I am creating a tokenization system in Kotlin / JVM that takes in a file and returns each char or sequence of chars as a token. For some reason, whenever I tokenized a string, it finds the second instance of s "string" token before moving onto the next token, or in other words, the tokens are not in order. I think it might have to do with the loop, but I just can't figure it out. I am still learning Kotlin, so if anyone could give me pointers as well, that'd be great! Much appreciated any help.
output of tokens :
[["chello", string], ["tomo", string], [:, keyV], ["hunna", string], ["moobes", string], ["hunna", string]]
My file looks like this.
STORE "chello" : "tomo" as 1235312
SEND "hunna" in Hollo
GET "moobes"
GET "hunna"
fun tokenCreator (file: BufferedReader) {
var lexicon : String = file.readText()
val numRegex = Regex("^[1-9]\\d*(\\.\\d+)?\$")
val dataRegex = Regex("[(){}]")
val token = mutableListOf<List<Any>>()
for((index, char) in lexicon.withIndex()) {
println(char)
when {
char.isWhitespace() -> continue
char.toString() == ":" -> token.add(listOf(char.toString(), "keyV") )
char.toString().matches(Regex("[()]")) -> token.add(listOf(char, "group") )
char.toString().matches(dataRegex) -> token.add(listOf(char, "data_group" ) )
char == '>' -> token.add(listOf(char.toString(), "verbline") )
char == '"' -> {
var stringOf = ""
val firstQuote = lexicon.indexOf(char)
val secondQuote = lexicon.indexOf(char, firstQuote + 1)
if(firstQuote == -1 || secondQuote == -1) {
break
}
for(i in firstQuote..secondQuote) {
stringOf += lexicon[i]
}
lexicon = lexicon.substring(secondQuote + 1, lexicon.length)
token.add(listOf(stringOf, "string"))
}
}
}
println(token)
}
Changing the content while iterating seems like a recipe for confusion...
And you don't seem to increment the index to skip over consumed content.

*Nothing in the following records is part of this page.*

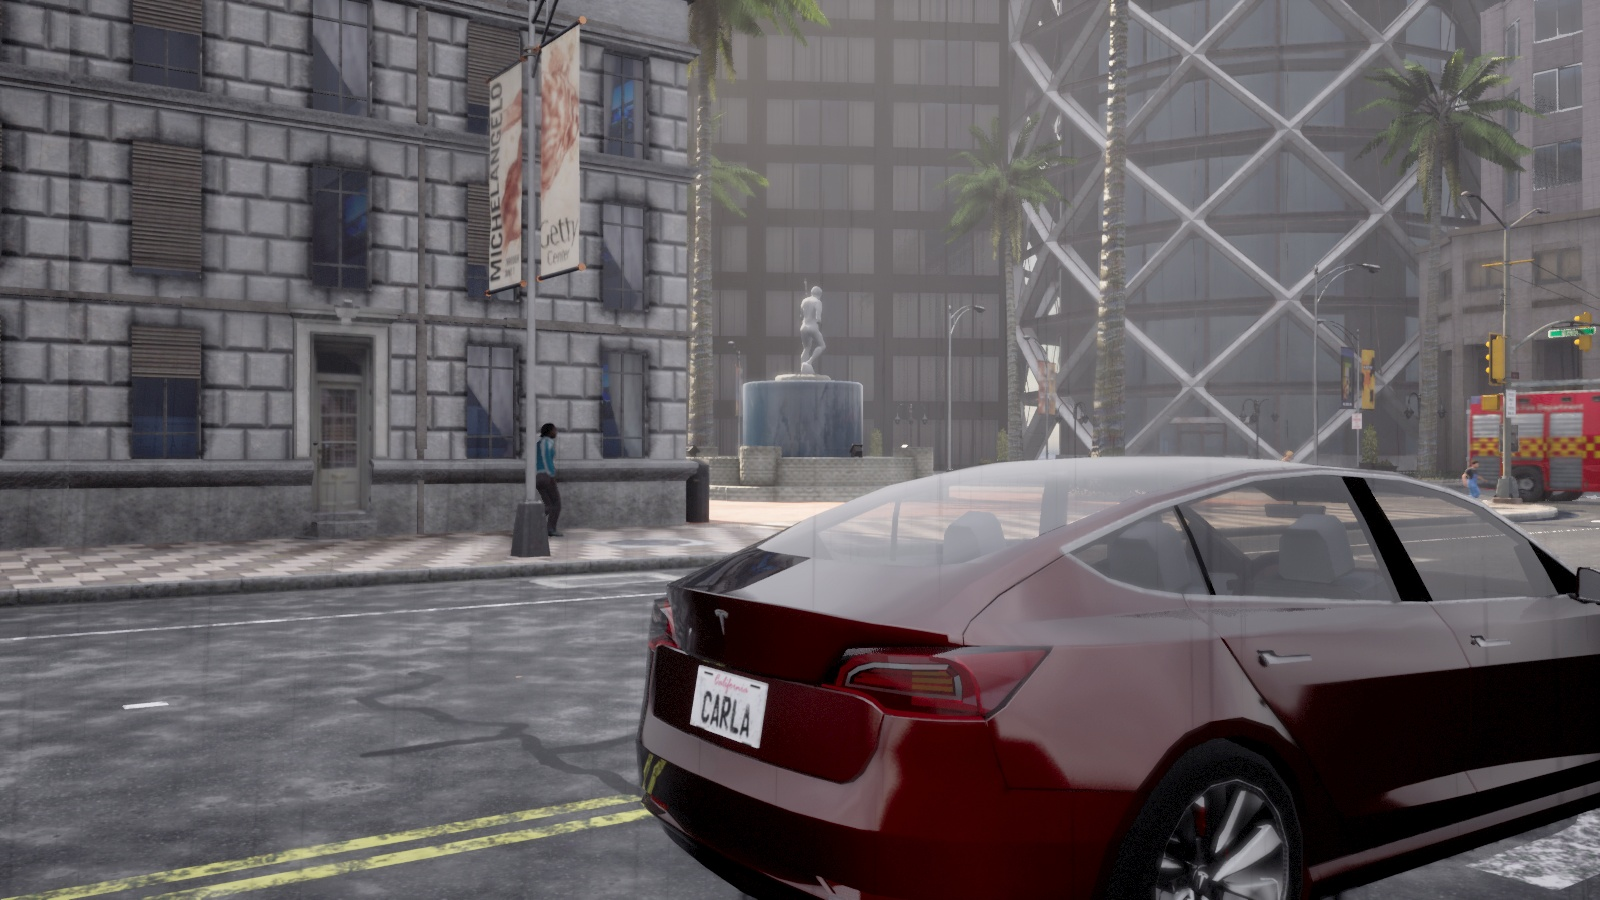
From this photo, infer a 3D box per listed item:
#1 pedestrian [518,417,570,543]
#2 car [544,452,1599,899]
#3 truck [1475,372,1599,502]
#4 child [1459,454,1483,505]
[{"bbox_3d":[-3.972,0.458,19.492,0.692,1.930,0.396,0,0,-30],"label":"pedestrian"},{"bbox_3d":[1.700,0.753,4.825,4.792,1.488,2.163,0,0,-35],"label":"car"},{"bbox_3d":[25.034,-0.382,37.222,2.891,3.827,8.468,0,0,-34],"label":"truck"},{"bbox_3d":[16.774,0.723,31.385,0.270,1.263,0.437,0,0,-35],"label":"child"}]
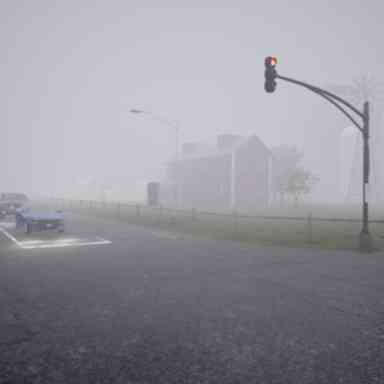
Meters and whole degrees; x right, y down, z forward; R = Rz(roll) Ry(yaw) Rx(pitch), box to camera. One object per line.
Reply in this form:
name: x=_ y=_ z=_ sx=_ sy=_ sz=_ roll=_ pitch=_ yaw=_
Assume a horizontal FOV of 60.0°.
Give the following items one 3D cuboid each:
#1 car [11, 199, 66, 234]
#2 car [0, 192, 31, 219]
car: x=-8.550 y=1.375 z=18.613 sx=1.882 sy=1.535 sz=5.008 roll=2 pitch=-1 yaw=-35
car: x=-14.525 y=1.052 z=27.027 sx=2.150 sy=2.045 sz=5.566 roll=2 pitch=-1 yaw=-36
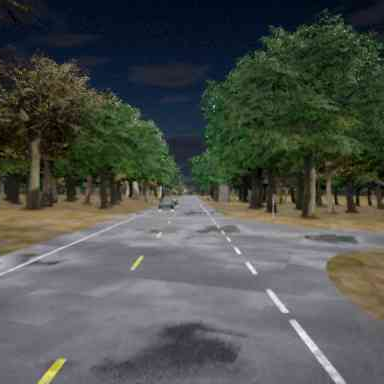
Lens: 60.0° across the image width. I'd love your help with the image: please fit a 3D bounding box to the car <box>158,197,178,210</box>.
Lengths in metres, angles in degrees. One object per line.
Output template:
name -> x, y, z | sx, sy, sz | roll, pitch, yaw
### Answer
car -> -3.565, 1.553, 46.968 | 2.097, 1.767, 4.553 | 0, 0, 0
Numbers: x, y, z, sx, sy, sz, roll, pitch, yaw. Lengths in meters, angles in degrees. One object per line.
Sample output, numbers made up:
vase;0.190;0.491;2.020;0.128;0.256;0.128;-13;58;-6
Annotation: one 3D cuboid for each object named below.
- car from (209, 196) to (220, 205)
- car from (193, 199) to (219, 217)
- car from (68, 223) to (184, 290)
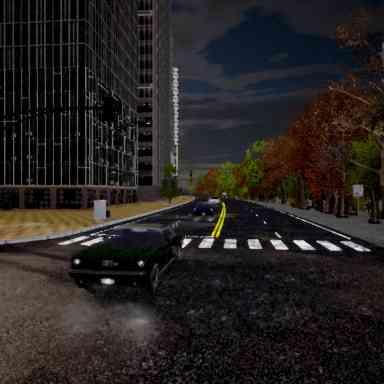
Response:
car;3.895;1.509;57.731;1.812;1.442;4.674;0;0;5
car;1.231;1.608;31.122;1.895;1.301;4.718;0;0;6
car;-1.508;1.603;9.278;1.895;1.301;4.718;0;0;8
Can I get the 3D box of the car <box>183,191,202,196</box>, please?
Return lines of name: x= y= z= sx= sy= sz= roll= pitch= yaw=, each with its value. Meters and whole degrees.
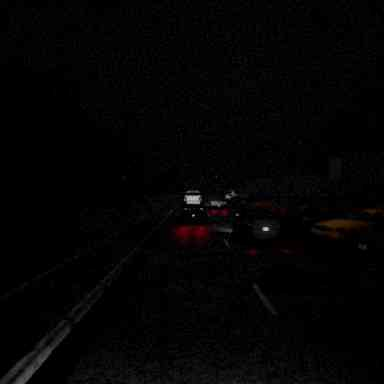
car: x=0.094 y=0.845 z=41.861 sx=2.150 sy=2.045 sz=5.566 roll=0 pitch=1 yaw=0

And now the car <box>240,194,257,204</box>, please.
car: x=7.894 y=1.240 z=32.928 sx=5.366 sy=1.575 sz=1.946 roll=0 pitch=1 yaw=-20

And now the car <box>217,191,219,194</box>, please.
car: x=8.092 y=0.899 z=65.810 sx=4.792 sy=1.488 sz=2.163 roll=1 pitch=0 yaw=-20

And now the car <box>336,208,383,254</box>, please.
car: x=8.042 y=1.492 z=12.090 sx=4.792 sy=1.488 sz=2.163 roll=1 pitch=1 yaw=-20

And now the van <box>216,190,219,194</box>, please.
van: x=7.960 y=0.619 z=68.734 sx=4.442 sy=1.987 sz=1.878 roll=1 pitch=1 yaw=-20

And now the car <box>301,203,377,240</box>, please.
car: x=7.897 y=1.439 z=15.018 sx=5.366 sy=1.575 sz=1.946 roll=1 pitch=1 yaw=-20

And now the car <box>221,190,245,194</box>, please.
car: x=8.096 y=0.724 z=53.880 sx=5.566 sy=2.045 sz=2.435 roll=1 pitch=0 yaw=-20

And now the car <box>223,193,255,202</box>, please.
car: x=8.073 y=0.946 z=56.847 sx=5.008 sy=1.535 sz=2.097 roll=1 pitch=1 yaw=-20

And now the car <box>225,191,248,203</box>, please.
car: x=8.077 y=1.008 z=50.882 sx=4.892 sy=1.521 sz=2.231 roll=1 pitch=1 yaw=-20

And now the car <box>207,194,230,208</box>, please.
car: x=3.098 y=1.246 z=40.330 sx=1.895 sy=1.301 sz=4.718 roll=0 pitch=1 yaw=0

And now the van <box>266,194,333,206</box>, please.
van: x=7.964 y=1.139 z=23.989 sx=4.442 sy=1.987 sz=1.878 roll=1 pitch=1 yaw=-20

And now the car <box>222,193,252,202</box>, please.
car: x=8.060 y=0.920 z=59.832 sx=4.892 sy=1.521 sz=2.231 roll=1 pitch=0 yaw=-20

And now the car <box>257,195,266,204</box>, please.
car: x=8.041 y=1.202 z=27.017 sx=4.553 sy=1.767 sz=2.185 roll=0 pitch=1 yaw=-20

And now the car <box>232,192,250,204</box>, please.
car: x=7.895 y=1.151 z=38.893 sx=5.366 sy=1.575 sz=1.946 roll=0 pitch=1 yaw=-20

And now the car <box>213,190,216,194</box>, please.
car: x=7.894 y=0.817 z=71.695 sx=5.366 sy=1.575 sz=1.946 roll=1 pitch=1 yaw=-20

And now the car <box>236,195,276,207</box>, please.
car: x=8.063 y=1.155 z=41.942 sx=4.674 sy=1.452 sz=2.002 roll=1 pitch=1 yaw=-20

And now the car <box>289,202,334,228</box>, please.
car: x=8.095 y=1.454 z=18.087 sx=4.792 sy=1.488 sz=2.163 roll=1 pitch=0 yaw=-20

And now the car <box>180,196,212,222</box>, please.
car: x=0.099 y=1.354 z=24.952 sx=2.128 sy=1.511 sz=4.902 roll=0 pitch=1 yaw=0

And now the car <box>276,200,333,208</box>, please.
car: x=8.064 y=1.435 z=21.059 sx=4.674 sy=1.452 sz=2.002 roll=1 pitch=0 yaw=-20

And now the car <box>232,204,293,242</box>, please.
car: x=3.099 y=1.513 z=15.965 sx=1.994 sy=1.385 sz=4.181 roll=0 pitch=0 yaw=0
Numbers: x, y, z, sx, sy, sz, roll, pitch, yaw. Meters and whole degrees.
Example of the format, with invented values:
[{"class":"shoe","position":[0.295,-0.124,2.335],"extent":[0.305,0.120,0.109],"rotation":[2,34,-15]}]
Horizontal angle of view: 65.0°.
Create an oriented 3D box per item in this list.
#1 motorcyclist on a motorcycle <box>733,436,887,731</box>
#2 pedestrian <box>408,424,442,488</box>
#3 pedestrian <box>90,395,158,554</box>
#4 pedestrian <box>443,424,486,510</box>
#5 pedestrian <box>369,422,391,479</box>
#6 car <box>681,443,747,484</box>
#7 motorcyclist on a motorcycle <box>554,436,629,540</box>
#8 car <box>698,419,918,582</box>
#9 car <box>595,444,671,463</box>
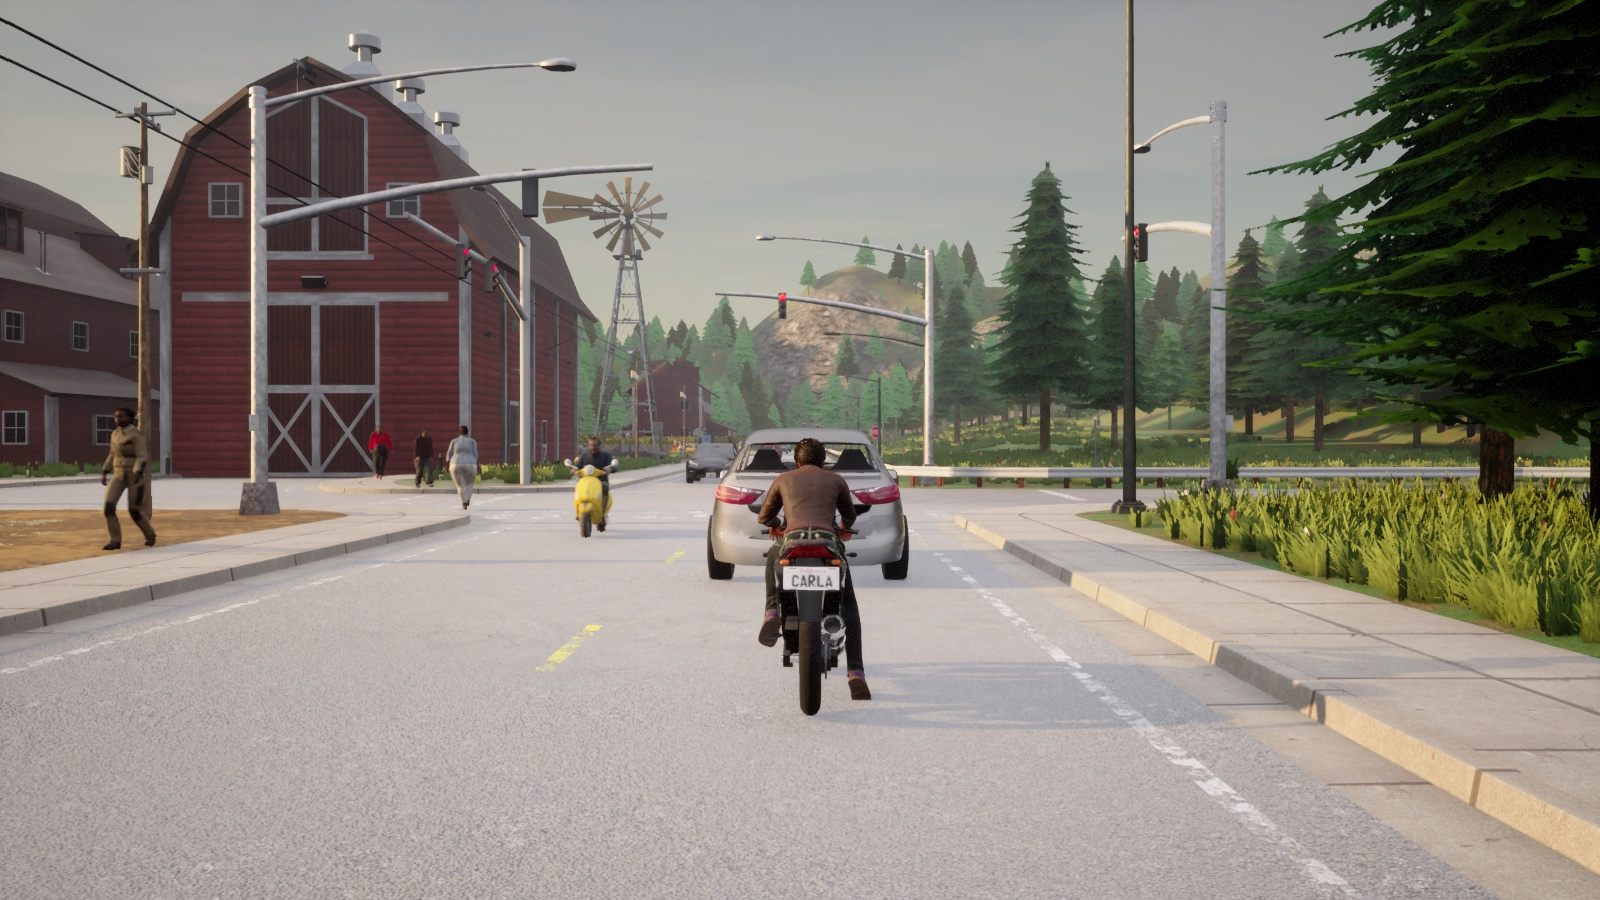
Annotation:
[{"class":"motorcyclist on a motorcycle","position":[0.058,0.686,7.516],"extent":[0.797,1.523,2.044],"rotation":[0,0,0]},{"class":"pedestrian","position":[-10.862,0.167,36.370],"extent":[0.634,1.844,0.899],"rotation":[0,0,-40]},{"class":"pedestrian","position":[-8.420,0.293,15.652],"extent":[0.396,1.930,0.692],"rotation":[0,0,11]},{"class":"pedestrian","position":[-7.311,0.361,27.395],"extent":[0.874,1.855,0.900],"rotation":[0,0,-12]},{"class":"pedestrian","position":[-13.642,0.020,40.761],"extent":[0.634,1.844,0.899],"rotation":[0,0,-21]},{"class":"car","position":[-3.211,0.474,47.878],"extent":[2.163,1.488,4.792],"rotation":[0,0,0]},{"class":"motorcyclist on a motorcycle","position":[-3.327,0.583,20.210],"extent":[0.866,1.590,1.817],"rotation":[0,0,1]},{"class":"car","position":[0.100,0.505,15.143],"extent":[2.242,1.667,4.611],"rotation":[0,0,1]},{"class":"car","position":[-12.285,0.260,92.678],"extent":[5.357,1.411,2.033],"rotation":[0,0,-1]}]
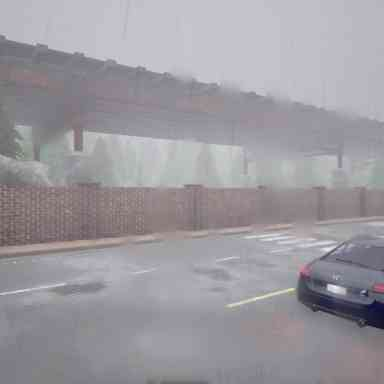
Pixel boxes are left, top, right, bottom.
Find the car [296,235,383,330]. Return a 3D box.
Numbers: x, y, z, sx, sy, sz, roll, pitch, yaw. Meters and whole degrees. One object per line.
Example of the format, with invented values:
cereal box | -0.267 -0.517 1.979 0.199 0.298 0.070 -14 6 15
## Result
car | 3.995 1.564 6.612 4.181 1.385 1.994 0 0 -36
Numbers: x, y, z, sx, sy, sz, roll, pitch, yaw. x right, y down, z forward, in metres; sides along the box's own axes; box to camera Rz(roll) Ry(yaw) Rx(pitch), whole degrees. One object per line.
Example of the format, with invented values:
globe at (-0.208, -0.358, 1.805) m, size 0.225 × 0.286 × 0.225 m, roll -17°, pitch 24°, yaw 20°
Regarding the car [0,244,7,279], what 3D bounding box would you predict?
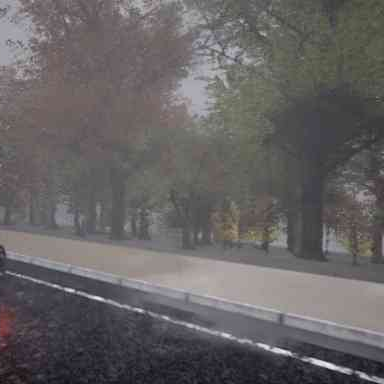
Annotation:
car at (-6.508, 1.475, 8.325) m, size 4.892 × 1.490 × 1.837 m, roll 0°, pitch 0°, yaw 36°
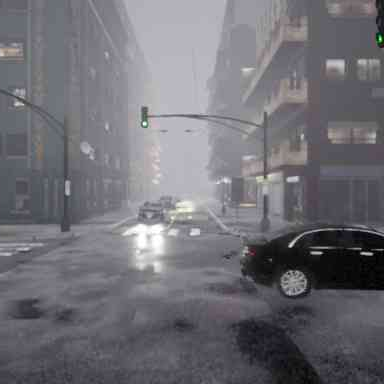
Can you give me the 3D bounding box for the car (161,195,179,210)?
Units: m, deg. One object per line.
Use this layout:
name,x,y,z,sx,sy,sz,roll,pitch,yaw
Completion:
car,-2.948,1.195,39.075,2.097,1.767,4.553,0,0,0

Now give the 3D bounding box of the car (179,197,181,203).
car,-2.923,1.339,59.945,1.994,1.385,4.181,0,0,0

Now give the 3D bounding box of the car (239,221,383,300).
car,3.537,1.445,7.544,4.892,1.490,1.837,-1,0,5

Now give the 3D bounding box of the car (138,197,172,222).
car,-2.915,1.384,25.245,2.128,1.511,4.902,0,0,0
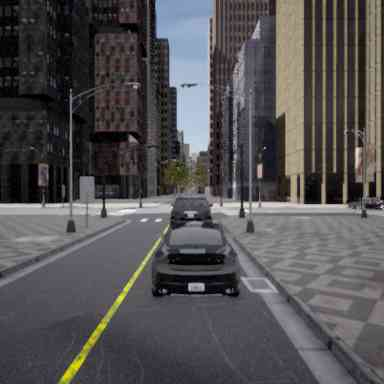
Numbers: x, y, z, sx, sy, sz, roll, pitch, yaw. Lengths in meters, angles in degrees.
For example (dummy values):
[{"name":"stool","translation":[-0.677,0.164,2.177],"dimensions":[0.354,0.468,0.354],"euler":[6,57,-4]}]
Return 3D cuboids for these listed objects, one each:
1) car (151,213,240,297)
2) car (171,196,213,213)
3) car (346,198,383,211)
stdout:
[{"name":"car","translation":[0.081,1.505,8.537],"dimensions":[1.837,1.490,4.892],"euler":[0,0,0]},{"name":"car","translation":[0.001,1.222,18.489],"dimensions":[2.150,2.045,5.566],"euler":[0,0,1]},{"name":"car","translation":[21.766,1.519,41.402],"dimensions":[4.892,1.490,1.837],"euler":[0,0,0]}]

I'd recommend to change the loop in a way that allows you to skip over content you have consumed
I'd also remove this line:
lexicon = lexicon.substring(secondQuote + 1, lexicon.length)
Then replace
val firstQuote = lexicon.indexOf(char)
with
val firstQuote = index
You can also use substring instead of iteration for stringOf
val stringOf = lexicon.substring(
Moreover, using toString to check for ':' seems inefficient